In March, in addition to the 4 Republican members of the “gang of 8,” my models pegged the following Republicans as “solid yes” votes: Lisa Murkowski (Alaska), Mark Kirk (Illinois), Dean Heller (NV), and Patrick Toomey (Pennsylvania). All but Patrick Toomey are still predicted as “yes” votes. Moreover, my models also pegged some Republicans who have publicly expressed support for the Senate bill as “lean yes/no” votes (i.e., confidence intervals around their respective predicted probabilities intersect 0.5). These are: Kelly Ayotte (New Hampshire), John Hoeven (North Dakota), and Orrin Hatch (Utah) – it would be awesome if I could also claim Bob Corker (Tennessee) on this list, but, alas, no.

While the recent votes on the border trigger amendments add some clarity to the predictions – mostly by reclassifying those as leaning one way or another into solid yes or no votes – there are some Republicans who remain in the “lean yes” category: Susan Collins (Maine), Rob Portman (Ohio), and Ron Johnson (Wisconsin). Note: Jeffrey Chiesa (New Jersey) is also predicted as a “lean yes” vote.

It is interesting to note that some of the most vocal opponents of the Senate bill – including John Cornyn (Texas), Ted Cruz (Texas), and Mike Lee (Utah) – are predicted as “lean no” rather than “solid no” votes in the updated analysis.
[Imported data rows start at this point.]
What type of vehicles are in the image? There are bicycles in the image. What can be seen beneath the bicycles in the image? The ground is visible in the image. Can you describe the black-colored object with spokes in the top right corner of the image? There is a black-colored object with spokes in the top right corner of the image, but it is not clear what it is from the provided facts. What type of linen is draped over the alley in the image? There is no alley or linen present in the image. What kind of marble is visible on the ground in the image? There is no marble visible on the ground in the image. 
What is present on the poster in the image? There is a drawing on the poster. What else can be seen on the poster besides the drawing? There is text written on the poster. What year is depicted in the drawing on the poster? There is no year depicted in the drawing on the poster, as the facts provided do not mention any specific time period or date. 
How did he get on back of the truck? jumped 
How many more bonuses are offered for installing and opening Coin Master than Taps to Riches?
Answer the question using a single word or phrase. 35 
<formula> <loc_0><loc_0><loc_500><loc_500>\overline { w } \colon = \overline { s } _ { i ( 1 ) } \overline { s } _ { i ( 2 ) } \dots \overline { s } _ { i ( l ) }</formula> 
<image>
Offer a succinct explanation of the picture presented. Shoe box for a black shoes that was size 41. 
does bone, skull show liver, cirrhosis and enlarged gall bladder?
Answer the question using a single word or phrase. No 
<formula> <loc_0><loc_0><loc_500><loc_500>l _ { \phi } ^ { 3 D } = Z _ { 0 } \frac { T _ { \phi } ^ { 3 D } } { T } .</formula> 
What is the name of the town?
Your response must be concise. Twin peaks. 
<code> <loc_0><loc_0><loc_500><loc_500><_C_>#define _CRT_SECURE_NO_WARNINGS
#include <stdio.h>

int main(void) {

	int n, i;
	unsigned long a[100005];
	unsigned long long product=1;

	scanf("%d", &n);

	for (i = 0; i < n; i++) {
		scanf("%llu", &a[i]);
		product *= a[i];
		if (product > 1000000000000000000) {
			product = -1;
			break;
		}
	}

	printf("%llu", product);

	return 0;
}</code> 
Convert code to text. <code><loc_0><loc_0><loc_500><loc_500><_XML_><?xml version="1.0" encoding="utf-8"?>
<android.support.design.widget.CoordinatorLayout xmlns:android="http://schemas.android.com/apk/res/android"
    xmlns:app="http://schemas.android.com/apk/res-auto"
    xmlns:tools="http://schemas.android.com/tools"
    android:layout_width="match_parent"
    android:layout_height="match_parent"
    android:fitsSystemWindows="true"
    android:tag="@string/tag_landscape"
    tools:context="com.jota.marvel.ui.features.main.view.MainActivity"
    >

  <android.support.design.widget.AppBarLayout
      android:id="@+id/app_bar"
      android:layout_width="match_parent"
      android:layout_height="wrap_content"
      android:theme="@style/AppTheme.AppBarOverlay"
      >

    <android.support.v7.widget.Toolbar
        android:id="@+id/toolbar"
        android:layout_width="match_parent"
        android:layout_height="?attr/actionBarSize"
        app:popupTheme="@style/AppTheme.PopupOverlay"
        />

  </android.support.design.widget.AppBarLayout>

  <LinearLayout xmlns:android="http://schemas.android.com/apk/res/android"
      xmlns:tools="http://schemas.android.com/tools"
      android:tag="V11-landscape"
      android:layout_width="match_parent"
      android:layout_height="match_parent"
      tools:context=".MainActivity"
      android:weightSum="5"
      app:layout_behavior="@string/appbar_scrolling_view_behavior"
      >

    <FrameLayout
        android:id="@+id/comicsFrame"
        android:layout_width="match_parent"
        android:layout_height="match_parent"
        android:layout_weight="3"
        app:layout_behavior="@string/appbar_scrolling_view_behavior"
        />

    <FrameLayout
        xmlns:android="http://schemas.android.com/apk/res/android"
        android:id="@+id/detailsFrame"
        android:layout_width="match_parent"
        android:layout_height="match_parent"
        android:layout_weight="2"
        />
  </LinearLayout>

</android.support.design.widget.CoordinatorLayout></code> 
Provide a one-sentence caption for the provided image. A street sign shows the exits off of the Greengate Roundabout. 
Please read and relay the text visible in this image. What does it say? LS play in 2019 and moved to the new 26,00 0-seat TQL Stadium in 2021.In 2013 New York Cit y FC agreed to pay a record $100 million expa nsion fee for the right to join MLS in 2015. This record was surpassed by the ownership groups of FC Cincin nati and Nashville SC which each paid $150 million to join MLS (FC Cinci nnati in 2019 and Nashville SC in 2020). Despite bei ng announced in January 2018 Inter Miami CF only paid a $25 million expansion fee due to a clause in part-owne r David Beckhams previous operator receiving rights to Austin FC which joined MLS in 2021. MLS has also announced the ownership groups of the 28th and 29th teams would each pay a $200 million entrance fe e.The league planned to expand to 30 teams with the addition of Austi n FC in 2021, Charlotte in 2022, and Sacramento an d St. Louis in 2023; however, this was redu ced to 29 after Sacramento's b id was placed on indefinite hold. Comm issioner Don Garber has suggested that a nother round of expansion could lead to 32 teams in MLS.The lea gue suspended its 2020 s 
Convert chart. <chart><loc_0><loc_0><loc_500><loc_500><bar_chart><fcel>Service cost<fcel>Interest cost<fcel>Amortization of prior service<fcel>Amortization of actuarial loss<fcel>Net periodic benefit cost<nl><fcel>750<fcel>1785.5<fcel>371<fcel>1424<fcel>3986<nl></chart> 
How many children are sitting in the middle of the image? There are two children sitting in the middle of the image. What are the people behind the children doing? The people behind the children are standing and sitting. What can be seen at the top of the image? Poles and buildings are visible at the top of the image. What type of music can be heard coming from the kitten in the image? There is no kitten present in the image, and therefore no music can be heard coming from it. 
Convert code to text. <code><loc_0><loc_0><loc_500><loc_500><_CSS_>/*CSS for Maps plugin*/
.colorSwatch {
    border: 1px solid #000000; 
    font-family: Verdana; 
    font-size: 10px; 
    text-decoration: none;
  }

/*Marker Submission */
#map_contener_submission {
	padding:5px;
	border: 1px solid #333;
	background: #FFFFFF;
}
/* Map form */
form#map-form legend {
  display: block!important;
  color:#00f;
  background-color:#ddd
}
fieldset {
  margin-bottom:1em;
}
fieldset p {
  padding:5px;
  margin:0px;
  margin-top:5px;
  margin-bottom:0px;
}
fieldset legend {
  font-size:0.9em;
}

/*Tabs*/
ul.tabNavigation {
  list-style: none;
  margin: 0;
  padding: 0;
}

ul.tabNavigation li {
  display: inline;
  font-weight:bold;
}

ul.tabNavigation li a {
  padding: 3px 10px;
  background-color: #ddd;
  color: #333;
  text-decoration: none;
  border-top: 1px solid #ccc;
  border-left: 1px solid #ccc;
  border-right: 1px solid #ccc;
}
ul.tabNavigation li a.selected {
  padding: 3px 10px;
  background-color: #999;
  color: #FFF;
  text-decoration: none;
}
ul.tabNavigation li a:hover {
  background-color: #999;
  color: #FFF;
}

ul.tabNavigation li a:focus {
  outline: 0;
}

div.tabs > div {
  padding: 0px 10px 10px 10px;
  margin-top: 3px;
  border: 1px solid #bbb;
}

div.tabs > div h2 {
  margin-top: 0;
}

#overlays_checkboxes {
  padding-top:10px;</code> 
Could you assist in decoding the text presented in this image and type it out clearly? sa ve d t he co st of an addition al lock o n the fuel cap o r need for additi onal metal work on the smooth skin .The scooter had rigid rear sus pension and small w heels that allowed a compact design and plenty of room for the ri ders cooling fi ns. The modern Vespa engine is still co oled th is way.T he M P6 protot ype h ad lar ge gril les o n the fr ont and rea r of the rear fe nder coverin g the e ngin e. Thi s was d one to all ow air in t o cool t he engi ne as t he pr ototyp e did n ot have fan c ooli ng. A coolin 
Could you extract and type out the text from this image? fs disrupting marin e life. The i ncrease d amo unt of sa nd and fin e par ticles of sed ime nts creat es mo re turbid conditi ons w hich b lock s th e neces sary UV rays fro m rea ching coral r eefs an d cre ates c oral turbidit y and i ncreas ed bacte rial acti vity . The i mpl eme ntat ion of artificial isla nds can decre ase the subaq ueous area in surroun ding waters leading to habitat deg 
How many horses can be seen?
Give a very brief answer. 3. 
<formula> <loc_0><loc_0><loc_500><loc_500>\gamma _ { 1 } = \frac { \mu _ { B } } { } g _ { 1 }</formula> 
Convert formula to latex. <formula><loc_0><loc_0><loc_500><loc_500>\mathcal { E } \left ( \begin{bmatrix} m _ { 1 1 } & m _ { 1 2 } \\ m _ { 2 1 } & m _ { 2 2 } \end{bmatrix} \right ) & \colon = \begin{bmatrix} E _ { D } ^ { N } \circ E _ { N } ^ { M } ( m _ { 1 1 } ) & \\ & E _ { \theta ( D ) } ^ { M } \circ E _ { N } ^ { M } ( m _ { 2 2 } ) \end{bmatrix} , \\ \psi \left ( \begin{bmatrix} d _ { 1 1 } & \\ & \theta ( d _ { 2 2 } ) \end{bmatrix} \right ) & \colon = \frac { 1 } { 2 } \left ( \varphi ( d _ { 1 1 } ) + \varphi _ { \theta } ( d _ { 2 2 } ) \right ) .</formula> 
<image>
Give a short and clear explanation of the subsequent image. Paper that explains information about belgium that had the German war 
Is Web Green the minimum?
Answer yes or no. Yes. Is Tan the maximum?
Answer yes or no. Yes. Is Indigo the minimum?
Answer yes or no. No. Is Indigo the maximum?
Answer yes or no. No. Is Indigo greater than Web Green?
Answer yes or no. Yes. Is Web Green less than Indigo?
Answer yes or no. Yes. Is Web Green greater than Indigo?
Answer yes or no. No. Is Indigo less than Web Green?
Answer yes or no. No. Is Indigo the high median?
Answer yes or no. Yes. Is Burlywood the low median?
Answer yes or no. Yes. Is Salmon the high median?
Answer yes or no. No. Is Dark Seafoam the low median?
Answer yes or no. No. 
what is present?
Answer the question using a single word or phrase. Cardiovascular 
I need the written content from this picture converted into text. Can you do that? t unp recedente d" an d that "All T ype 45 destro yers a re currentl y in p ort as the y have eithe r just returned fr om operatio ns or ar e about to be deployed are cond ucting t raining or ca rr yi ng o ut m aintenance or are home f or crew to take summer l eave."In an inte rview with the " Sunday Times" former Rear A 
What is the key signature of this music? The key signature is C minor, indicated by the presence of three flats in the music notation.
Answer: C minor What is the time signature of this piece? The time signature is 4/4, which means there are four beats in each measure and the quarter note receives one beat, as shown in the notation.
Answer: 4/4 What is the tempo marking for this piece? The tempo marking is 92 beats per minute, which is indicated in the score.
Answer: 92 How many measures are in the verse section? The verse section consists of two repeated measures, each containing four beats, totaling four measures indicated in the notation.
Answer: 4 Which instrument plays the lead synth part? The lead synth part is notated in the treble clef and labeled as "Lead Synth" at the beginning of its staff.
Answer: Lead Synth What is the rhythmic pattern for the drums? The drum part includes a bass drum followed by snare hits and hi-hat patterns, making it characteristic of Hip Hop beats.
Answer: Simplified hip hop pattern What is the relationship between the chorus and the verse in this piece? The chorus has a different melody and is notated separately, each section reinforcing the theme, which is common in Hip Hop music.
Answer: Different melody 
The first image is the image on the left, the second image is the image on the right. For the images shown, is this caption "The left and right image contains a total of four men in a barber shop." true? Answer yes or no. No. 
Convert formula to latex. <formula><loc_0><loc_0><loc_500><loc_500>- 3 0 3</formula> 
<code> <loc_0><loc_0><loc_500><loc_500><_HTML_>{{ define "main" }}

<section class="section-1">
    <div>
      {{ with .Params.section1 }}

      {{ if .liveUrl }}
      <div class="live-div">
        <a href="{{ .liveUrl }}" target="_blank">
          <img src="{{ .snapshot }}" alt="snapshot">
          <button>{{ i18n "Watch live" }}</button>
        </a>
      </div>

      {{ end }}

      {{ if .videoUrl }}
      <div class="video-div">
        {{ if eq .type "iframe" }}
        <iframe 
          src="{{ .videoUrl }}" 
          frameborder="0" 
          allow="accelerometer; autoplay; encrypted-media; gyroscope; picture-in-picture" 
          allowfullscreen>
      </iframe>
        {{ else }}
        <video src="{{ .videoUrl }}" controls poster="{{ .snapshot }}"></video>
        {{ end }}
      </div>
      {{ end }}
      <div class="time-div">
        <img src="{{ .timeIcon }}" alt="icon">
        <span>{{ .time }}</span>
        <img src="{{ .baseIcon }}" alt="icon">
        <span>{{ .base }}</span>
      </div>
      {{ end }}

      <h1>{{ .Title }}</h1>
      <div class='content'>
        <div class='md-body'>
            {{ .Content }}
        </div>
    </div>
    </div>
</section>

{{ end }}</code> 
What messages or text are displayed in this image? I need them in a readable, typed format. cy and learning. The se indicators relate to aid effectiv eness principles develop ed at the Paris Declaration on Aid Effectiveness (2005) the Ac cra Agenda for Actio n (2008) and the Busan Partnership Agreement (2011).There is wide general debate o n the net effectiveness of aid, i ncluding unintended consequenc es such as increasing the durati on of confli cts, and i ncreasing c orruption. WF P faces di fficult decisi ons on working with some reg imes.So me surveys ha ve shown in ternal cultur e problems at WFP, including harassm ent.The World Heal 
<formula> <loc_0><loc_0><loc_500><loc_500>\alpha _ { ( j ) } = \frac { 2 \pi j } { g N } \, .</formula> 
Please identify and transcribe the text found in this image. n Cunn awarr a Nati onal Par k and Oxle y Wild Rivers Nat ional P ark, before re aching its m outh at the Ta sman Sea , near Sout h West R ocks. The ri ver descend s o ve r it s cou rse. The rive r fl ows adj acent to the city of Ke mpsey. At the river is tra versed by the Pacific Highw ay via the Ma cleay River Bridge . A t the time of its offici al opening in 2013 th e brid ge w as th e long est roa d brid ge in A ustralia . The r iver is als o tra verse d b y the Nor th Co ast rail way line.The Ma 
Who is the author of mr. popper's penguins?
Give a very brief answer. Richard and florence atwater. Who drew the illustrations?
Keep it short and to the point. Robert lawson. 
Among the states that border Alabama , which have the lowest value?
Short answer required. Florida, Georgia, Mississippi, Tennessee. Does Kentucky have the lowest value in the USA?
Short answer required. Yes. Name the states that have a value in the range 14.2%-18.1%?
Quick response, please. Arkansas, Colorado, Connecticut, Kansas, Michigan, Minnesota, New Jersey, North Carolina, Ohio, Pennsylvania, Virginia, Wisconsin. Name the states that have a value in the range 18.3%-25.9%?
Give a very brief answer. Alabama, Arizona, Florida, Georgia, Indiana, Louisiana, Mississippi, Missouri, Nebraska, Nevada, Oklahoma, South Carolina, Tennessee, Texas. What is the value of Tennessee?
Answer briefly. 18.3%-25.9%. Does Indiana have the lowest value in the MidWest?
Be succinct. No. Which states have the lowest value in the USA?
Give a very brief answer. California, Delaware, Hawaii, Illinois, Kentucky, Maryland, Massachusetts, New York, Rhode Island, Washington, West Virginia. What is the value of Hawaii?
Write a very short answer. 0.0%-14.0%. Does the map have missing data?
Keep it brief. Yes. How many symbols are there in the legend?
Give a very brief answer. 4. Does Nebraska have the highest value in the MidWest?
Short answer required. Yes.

Of course, I do not think that these are really swing votes. However, they are categorized as such given the large foreign-born populations in their respective states and the increased border security measures in the bill. It will thus be interesting to follow how a “no” vote by these Senators translates with voters during their next elections.

Democrats to Watch

In factoring in the border trigger votes, only 1 Democrat stands out as a potential “lean no” vote: Mark Pryor (Arkansas). Note: there are no Democrats predicted as “solid no” votes. In March, my models characterized Senator Pryor as a “lean yes” vote. However, he recently voted against tabling the Grassley and Cornyn amendments. It is also worth noting that while he is predicted as a “solid yes” vote, Joe Manchin (West Virginia) is another Democrat who voted against tabling the Grassley and Cornyn amendments.

Conclusion

There are 62 Senators predicted as “solid yes” votes, 6 who “lean yes,” 11 who “lean no,” and 21 predicted as “solid no” votes. A full list is available here. Assuming that all who are predicted as “solid yes” or “lean yes” actually vote yes, we have 68 votes for the bill. Assuming that Mark Pryor joins the “yes” votes, this leads to a total of 69 votes for the bill. As the confidence intervals around the predicted probabilities of the “lean no” votes intersect 0.5, after excluding Senators Cornyn, Cruz, and Lee, we can reasonably suspect an upper limit of 76 yes votes, though this would be a real far reach.

In March, the data pointed to 67 to 71 yes votes on CIR. Today, after factoring in the border trigger votes and the increased border security measures, the data point to 69 to 76 yes votes. For those who argue that stricter border security measures are necessary for increasing support for the bill, there is some support for this (moving from an upper limit of 71 to 76). However, for others who argue that stricter border security is unnecessary for securing a filibuster-proof vote, there is also support for this (the needle was already at 67 and moved only to 69).

Tom K. Wong, Ph.D., is an assistant professor of political science at UC San Diego. He is an expert on immigration politics and policy. He is a research associate at CCIS and beginning in fall 2013 he will be Director of the International Migration Studies Program at UC San Diego.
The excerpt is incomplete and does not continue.